Uniqueness under Spectral Variation in the Socle of a Banach Algebra

TL;DR

This paper investigates spectral conditions in complex semisimple Banach algebras to uniquely characterize prime algebras and minimal socles, extending spectral theory in algebraic structures.

Contribution

It provides new spectral characterizations of prime Banach algebras and minimal socles within Banach algebras with nonzero socles, based on spectral and spectral radius conditions.

Findings

Spectral conditions characterize prime Banach algebras.

Spectral radius inequalities identify minimal socles.

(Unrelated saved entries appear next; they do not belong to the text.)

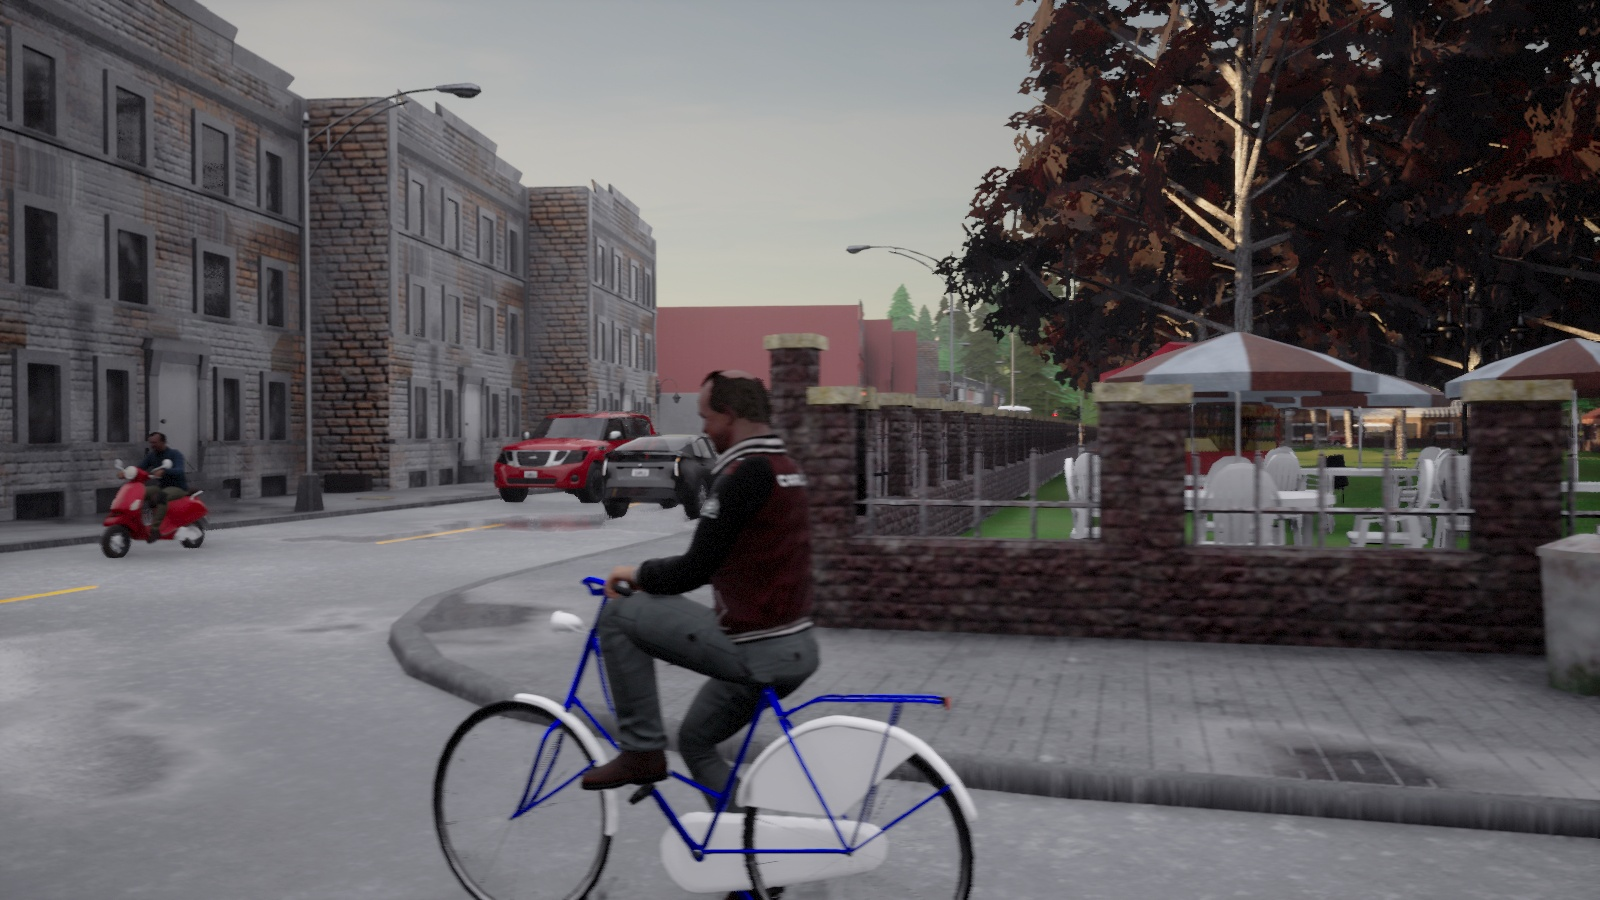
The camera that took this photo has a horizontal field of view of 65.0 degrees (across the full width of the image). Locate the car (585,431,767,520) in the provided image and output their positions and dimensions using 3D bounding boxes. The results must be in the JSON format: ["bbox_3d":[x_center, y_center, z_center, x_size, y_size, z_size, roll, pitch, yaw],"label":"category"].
[{"bbox_3d":[-2.245,0.399,24.072,2.007,1.525,4.514,0,1,15],"label":"car"}]

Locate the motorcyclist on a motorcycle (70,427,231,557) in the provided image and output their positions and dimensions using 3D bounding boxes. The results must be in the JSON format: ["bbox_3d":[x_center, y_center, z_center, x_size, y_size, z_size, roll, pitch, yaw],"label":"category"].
[{"bbox_3d":[-8.413,0.496,16.364,0.866,1.590,1.817,0,1,15],"label":"motorcyclist on a motorcycle"}]

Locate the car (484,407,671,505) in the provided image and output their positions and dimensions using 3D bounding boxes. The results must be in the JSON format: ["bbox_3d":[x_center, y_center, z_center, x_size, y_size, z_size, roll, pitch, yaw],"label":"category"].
[{"bbox_3d":[-5.005,0.081,29.268,2.150,2.045,5.566,0,1,15],"label":"car"}]

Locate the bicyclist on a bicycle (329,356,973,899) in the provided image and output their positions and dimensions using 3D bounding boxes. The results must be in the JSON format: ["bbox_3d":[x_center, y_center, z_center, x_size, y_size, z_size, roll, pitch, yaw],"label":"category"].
[{"bbox_3d":[-0.461,0.638,3.850,1.843,1.776,0.659,1,0,21],"label":"bicyclist on a bicycle"}]

Results extend spectral theory in Banach algebra structures.

Abstract

Let $A$ be a complex semisimple Banach algebra with identity, and denote by $\sigma'(x)$ and $\rho (x)$ the nonzero spectrum and spectral radius of an element $x \in A$, respectively. We explore the relationship between elements $a, b \in A$ that satisfy one of the following conditions: (1) $\sigma' (ax) \subseteq \sigma' (bx)$ for all $x \in A$, (2) $\rho (ax) \leq \rho (bx)$ for all $x \in A$. The latter problem was identified by Bre\v{s}ar and \v{S}penko in [7]. In particular, we use these conditions to spectrally characterize prime Banach algebras amongst the class of Banach algebras with nonzero socles, as well as to obtain spectral characterizations of socles which are minimal two-sided ideals.